Juries cooling on death option
Perhaps the most mysterious factor is why juries have been decreasingly inclined to issue death sentences even when prosecutors do seek them.
Public support for the death penalty has long been in retreat — down from a high of 80 percent in 1994 to 61 percent last year, according to Gallup —
but potential jurors are excused from capital cases if they feel they would not be able to sentence a defendant to death.
Prosecutors and defense attorneys agree, though, that there’s a wide gulf between supporting capital punishment in the abstract and doling it out in a jury room.
In Wake County, juries have not handed down a death sentence since 2007 and have opted for a sentence of life in prison the last six times prosecutors have sought one.
Wake County District Attorney Lorrin Freeman said that prosecutors have to take juries’ increasing hesitancy about capital punishment into account when making decisions.
“It’s hard to look at the outcomes of those cases and not perceive that there has been a shift in the community’s position on the implementation of the death penalty,” Freeman said. “It is becoming more and more difficult to stand behind the idea that it’s in the best interest of the victim’s family to pursue the death penalty.”
One possible reason that juries may be more reticent is the number of high-profile cases in which death row inmates have been exonerated, of which North Carolina has had more than its fair share.
In 2014, Henry Lee McCollum and Leon Brown were exonerated after spending more than 30 years on death row after being wrongfully convicted for the 1983 murder of an 11-year-old girl.
In total, North Carolina has had five death row exonerations in the last decade, and seven since 1999.
Murray said that he has prosecuted three death penalty cases since becoming Mecklenburg County’s district attorney in 2011, and all three returned sentences of life in prison.
With neither of its biggest counties handing down death sentences, North Carolina has bucked one national trend.
Most of the death sentences issued in the U.S. today arise from just 2 percent of its counties, mostly large ones in a handful of states, but the 11 death sentences issued in North Carolina since 2010 have come from nine different counties of widely varying sizes.
No one wants to get it wrong
All of these effects are cumulative, says Robert Dunham, executive director of the Death Penalty Information Center in Washington, D.C.
He suggested the public attitudes toward the death penalty have been shifted by the exonerations and by evidence of racial bias in the sentencing process, suggested both by investigations under the Racial Justice Act and incidents like the shooting of an unarmed African-American man by a white police officer in North Charleston, South Carolina.
“What we are seeing as part of the long-term trend is that fewer people are being sentenced to death.
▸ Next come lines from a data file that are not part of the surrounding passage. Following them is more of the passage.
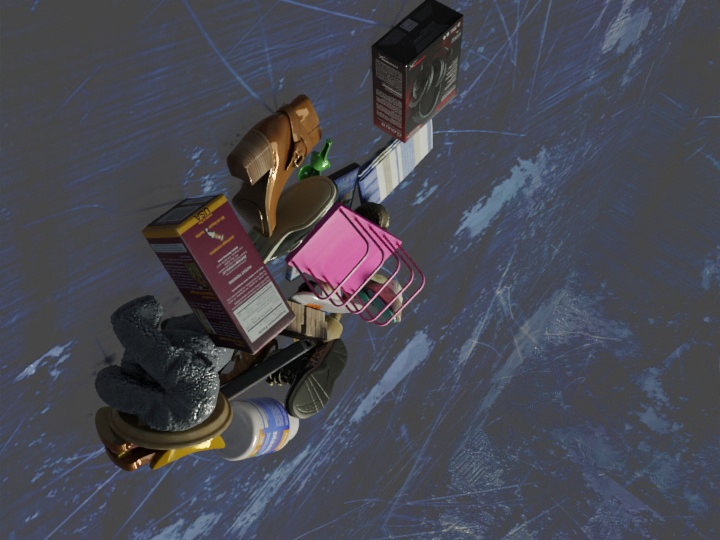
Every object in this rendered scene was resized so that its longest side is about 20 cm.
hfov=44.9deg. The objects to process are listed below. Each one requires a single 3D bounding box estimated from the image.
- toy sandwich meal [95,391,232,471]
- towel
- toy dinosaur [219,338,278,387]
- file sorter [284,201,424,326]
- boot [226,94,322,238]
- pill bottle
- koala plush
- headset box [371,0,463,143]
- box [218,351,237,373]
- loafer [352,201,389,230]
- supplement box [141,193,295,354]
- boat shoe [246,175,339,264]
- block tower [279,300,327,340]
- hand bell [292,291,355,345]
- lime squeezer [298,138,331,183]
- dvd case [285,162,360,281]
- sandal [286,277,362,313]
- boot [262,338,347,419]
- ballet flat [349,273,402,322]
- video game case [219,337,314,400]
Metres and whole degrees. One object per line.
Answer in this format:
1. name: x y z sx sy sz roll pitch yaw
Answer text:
1. toy sandwich meal: -0.293 0.233 1.320 0.205 0.205 0.071 -25 128 -50
2. towel: 0.064 -0.205 1.625 0.200 0.024 0.147 -47 159 -13
3. toy dinosaur: -0.182 0.144 1.517 0.200 0.060 0.106 -45 -172 35
4. file sorter: 0.000 0.000 1.527 0.139 0.126 0.200 -47 143 13
5. boot: -0.121 -0.152 1.283 0.155 0.077 0.200 -48 150 -26
6. pill bottle: -0.201 0.306 1.708 0.112 0.112 0.200 -58 157 10
7. koala plush: -0.254 0.126 1.294 0.200 0.183 0.178 -40 157 -59
8. headset box: 0.093 -0.321 1.444 0.149 0.077 0.200 -44 154 -24
9. box: -0.218 0.096 1.453 0.200 0.050 0.075 -53 161 -5
10. loafer: 0.006 -0.059 1.660 0.067 0.076 0.200 -33 160 -43
11. supplement box: -0.188 0.005 1.168 0.086 0.110 0.200 -41 114 -29
12. boat shoe: -0.103 -0.079 1.360 0.200 0.072 0.068 -40 161 28
13. block tower: -0.126 0.091 1.590 0.200 0.058 0.054 28 60 -66
14. hand bell: -0.044 0.080 1.771 0.200 0.104 0.104 -58 162 -28
15. lime squeezer: -0.080 -0.156 1.360 0.071 0.038 0.200 -28 167 -43
16. dvd case: -0.067 -0.085 1.539 0.143 0.018 0.200 -34 150 -42
17. sandal: -0.068 0.044 1.655 0.206 0.079 0.059 15 69 -57
18. boot: -0.126 0.205 1.621 0.204 0.153 0.074 -54 127 -50
19. ballet flat: 0.039 0.040 1.680 0.067 0.200 0.068 -36 121 -15
20. video game case: -0.176 0.179 1.520 0.200 0.026 0.181 -32 177 -1
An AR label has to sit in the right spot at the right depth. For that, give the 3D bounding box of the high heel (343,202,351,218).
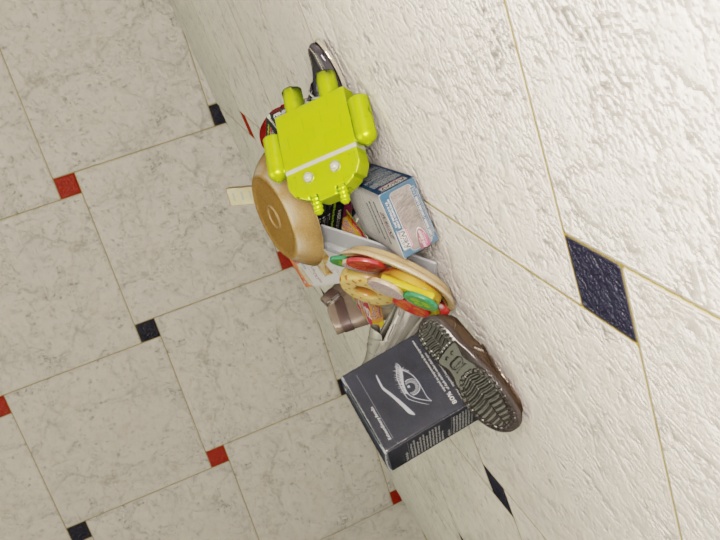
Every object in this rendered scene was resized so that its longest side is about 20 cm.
[{"bbox_3d":[-0.071,-0.150,1.339,0.067,0.095,0.202,6,101,60],"label":"high heel"}]

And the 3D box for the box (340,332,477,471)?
[{"bbox_3d":[0.091,0.197,1.257,0.149,0.199,0.105,58,171,29],"label":"box"}]

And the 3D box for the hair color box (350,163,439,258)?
[{"bbox_3d":[0.040,-0.092,1.163,0.101,0.060,0.200,65,172,-19],"label":"hair color box"}]

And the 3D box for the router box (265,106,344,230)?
[{"bbox_3d":[-0.090,-0.143,1.266,0.150,0.062,0.201,52,155,23],"label":"router box"}]

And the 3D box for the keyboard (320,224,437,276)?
[{"bbox_3d":[0.027,-0.024,1.226,0.198,0.011,0.057,19,140,20],"label":"keyboard"}]

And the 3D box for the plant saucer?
[{"bbox_3d":[-0.126,-0.092,1.273,0.200,0.035,0.201,48,153,34],"label":"plant saucer"}]

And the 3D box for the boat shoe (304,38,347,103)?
[{"bbox_3d":[-0.052,-0.255,1.216,0.073,0.062,0.201,53,166,48],"label":"boat shoe"}]

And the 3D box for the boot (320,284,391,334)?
[{"bbox_3d":[0.014,0.080,1.522,0.200,0.145,0.071,54,170,45],"label":"boot"}]

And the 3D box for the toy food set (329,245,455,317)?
[{"bbox_3d":[0.048,0.021,1.188,0.199,0.049,0.198,22,166,17],"label":"toy food set"}]

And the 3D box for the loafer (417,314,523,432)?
[{"bbox_3d":[0.169,0.137,1.129,0.201,0.071,0.073,54,130,9],"label":"loafer"}]

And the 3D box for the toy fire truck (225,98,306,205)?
[{"bbox_3d":[-0.150,-0.197,1.429,0.129,0.198,0.178,175,75,-75],"label":"toy fire truck"}]

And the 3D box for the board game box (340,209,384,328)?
[{"bbox_3d":[0.000,0.000,1.339,0.096,0.030,0.201,-127,22,-47],"label":"board game box"}]

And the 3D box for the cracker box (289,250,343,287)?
[{"bbox_3d":[-0.070,-0.043,1.495,0.199,0.058,0.135,-9,115,56],"label":"cracker box"}]

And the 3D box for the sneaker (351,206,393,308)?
[{"bbox_3d":[0.028,-0.031,1.402,0.085,0.074,0.202,-121,14,-61],"label":"sneaker"}]

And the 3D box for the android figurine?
[{"bbox_3d":[-0.057,-0.180,1.126,0.041,0.181,0.202,15,-119,-60],"label":"android figurine"}]

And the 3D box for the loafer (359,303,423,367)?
[{"bbox_3d":[0.039,0.119,1.345,0.070,0.201,0.070,35,-176,-12],"label":"loafer"}]
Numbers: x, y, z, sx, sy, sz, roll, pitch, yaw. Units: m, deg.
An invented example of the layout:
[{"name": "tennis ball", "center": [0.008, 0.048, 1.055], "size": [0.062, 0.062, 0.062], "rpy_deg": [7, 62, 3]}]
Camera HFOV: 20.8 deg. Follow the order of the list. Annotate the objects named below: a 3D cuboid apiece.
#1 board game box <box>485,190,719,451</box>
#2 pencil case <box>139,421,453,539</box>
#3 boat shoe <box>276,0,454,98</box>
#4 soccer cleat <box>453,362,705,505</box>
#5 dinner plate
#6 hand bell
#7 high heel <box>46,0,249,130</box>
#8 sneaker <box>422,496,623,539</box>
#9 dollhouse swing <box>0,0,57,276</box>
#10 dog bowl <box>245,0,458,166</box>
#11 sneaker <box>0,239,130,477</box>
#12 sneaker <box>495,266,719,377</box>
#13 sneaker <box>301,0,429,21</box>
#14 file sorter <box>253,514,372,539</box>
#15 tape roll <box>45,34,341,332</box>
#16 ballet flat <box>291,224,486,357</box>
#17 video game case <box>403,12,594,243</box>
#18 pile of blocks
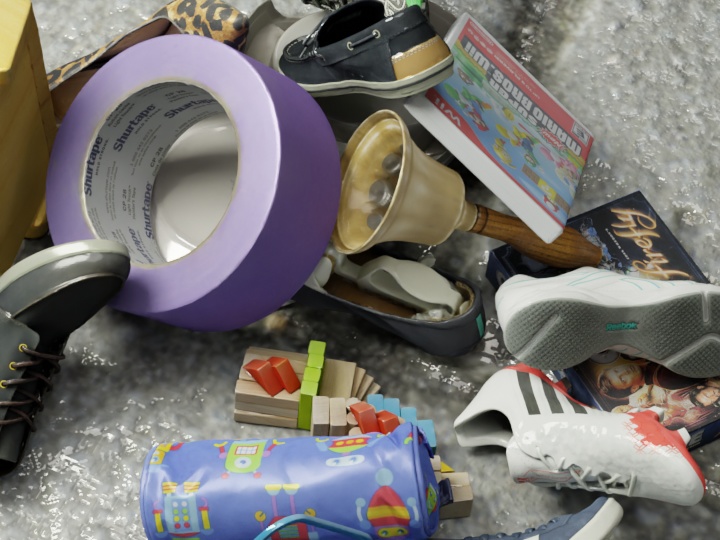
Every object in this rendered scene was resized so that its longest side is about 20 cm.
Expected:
[{"name": "board game box", "center": [0.200, 0.043, 1.436], "size": [0.135, 0.035, 0.200], "rpy_deg": [-22, 58, -19]}, {"name": "pencil case", "center": [-0.043, 0.143, 1.288], "size": [0.200, 0.078, 0.087], "rpy_deg": [-6, 41, 11]}, {"name": "boat shoe", "center": [-0.003, -0.162, 1.401], "size": [0.075, 0.062, 0.200], "rpy_deg": [-31, 19, -21]}, {"name": "soccer cleat", "center": [0.146, 0.121, 1.324], "size": [0.085, 0.069, 0.200], "rpy_deg": [-36, 38, -24]}, {"name": "dinner plate", "center": [-0.092, -0.055, 1.495], "size": [0.200, 0.024, 0.200], "rpy_deg": [3, 53, -4]}, {"name": "hand bell", "center": [0.087, -0.034, 1.399], "size": [0.200, 0.104, 0.104], "rpy_deg": [18, 48, -27]}, {"name": "high heel", "center": [-0.171, -0.145, 1.471], "size": [0.142, 0.200, 0.071], "rpy_deg": [-35, 104, -30]}, {"name": "sneaker", "center": [0.083, 0.194, 1.289], "size": [0.200, 0.075, 0.085], "rpy_deg": [-33, 67, -25]}, {"name": "dollhouse swing", "center": [-0.309, -0.088, 1.394], "size": [0.182, 0.200, 0.176], "rpy_deg": [27, 61, 15]}, {"name": "dog bowl", "center": [0.001, -0.142, 1.528], "size": [0.200, 0.059, 0.200], "rpy_deg": [7, 46, -7]}, {"name": "sneaker", "center": [-0.223, 0.066, 1.329], "size": [0.200, 0.075, 0.106], "rpy_deg": [-34, 62, 21]}, {"name": "sneaker", "center": [0.190, 0.027, 1.383], "size": [0.200, 0.071, 0.080], "rpy_deg": [5, 24, -13]}, {"name": "sneaker", "center": [-0.008, -0.216, 1.515], "size": [0.085, 0.078, 0.200], "rpy_deg": [-19, 44, -20]}, {"name": "file sorter", "center": [-0.009, 0.261, 1.166], "size": [0.123, 0.139, 0.200], "rpy_deg": [-43, 61, 11]}, {"name": "tape roll", "center": [-0.119, -0.060, 1.391], "size": [0.200, 0.085, 0.200], "rpy_deg": [-8, 75, 29]}, {"name": "ballet flat", "center": [0.000, 0.000, 1.416], "size": [0.200, 0.073, 0.073], "rpy_deg": [24, 55, 4]}, {"name": "video game case", "center": [0.106, -0.109, 1.441], "size": [0.143, 0.017, 0.200], "rpy_deg": [43, 26, -7]}, {"name": "pile of blocks", "center": [0.000, 0.097, 1.364], "size": [0.200, 0.062, 0.082], "rpy_deg": [29, 57, 16]}]
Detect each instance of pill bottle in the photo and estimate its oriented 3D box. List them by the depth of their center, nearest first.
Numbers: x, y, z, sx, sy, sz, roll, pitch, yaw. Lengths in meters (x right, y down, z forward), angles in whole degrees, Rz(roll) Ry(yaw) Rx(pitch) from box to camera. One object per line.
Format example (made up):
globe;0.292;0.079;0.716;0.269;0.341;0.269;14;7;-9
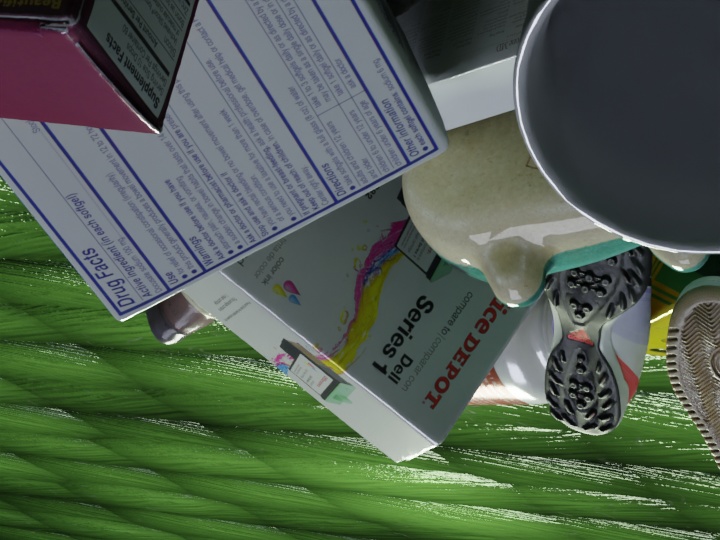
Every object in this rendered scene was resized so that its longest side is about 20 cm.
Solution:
pill bottle;0.102;0.043;1.563;0.199;0.113;0.112;-3;156;44

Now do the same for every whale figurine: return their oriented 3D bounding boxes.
whale figurine;0.121;-0.044;1.171;0.199;0.160;0.104;13;160;35

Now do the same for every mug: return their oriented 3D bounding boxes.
mug;0.144;-0.138;0.874;0.146;0.176;0.201;1;128;14

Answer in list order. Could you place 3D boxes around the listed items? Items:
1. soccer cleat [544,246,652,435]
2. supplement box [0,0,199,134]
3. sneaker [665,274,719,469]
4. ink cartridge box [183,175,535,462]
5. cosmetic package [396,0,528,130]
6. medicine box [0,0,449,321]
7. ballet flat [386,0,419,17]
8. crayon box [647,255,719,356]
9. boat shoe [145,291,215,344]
soccer cleat;0.152;0.012;1.316;0.068;0.073;0.201;17;136;19
supplement box;-0.132;-0.173;0.915;0.130;0.201;0.103;8;161;21
sneaker;0.247;0.055;1.325;0.070;0.109;0.201;-4;131;28
ink cartridge box;0.000;0.000;1.317;0.200;0.145;0.084;39;160;-7
cosmetic package;0.058;-0.124;1.125;0.050;0.083;0.199;23;161;-29
medicine box;-0.087;-0.103;1.043;0.199;0.103;0.183;-27;134;7
ballet flat;-0.041;-0.104;1.170;0.057;0.066;0.200;43;127;3
crayon box;0.248;0.013;1.367;0.126;0.051;0.200;9;161;-20
boat shoe;-0.127;-0.022;1.434;0.065;0.201;0.072;-38;123;13

Fewer counties are using the death penalty. The counties that are using the death penalty are seeking it less frequently. When it’s being sought, jurors are imposing it less frequently. And when it’s been imposed, it’s being carried out less frequently,” Dunham said. “That’s a long-term trend, and it suggests that North Carolina’s use of capital punishment will continue to decline.”
Dunham posited another possible reason why fewer juries are coming back with death sentences: better trial representation and the availability of competent institutional defenders for capital defendants. In North Carolina, those responsibilities fall to the Office of the Capital Defender, which represents all defendants in death penalty cases.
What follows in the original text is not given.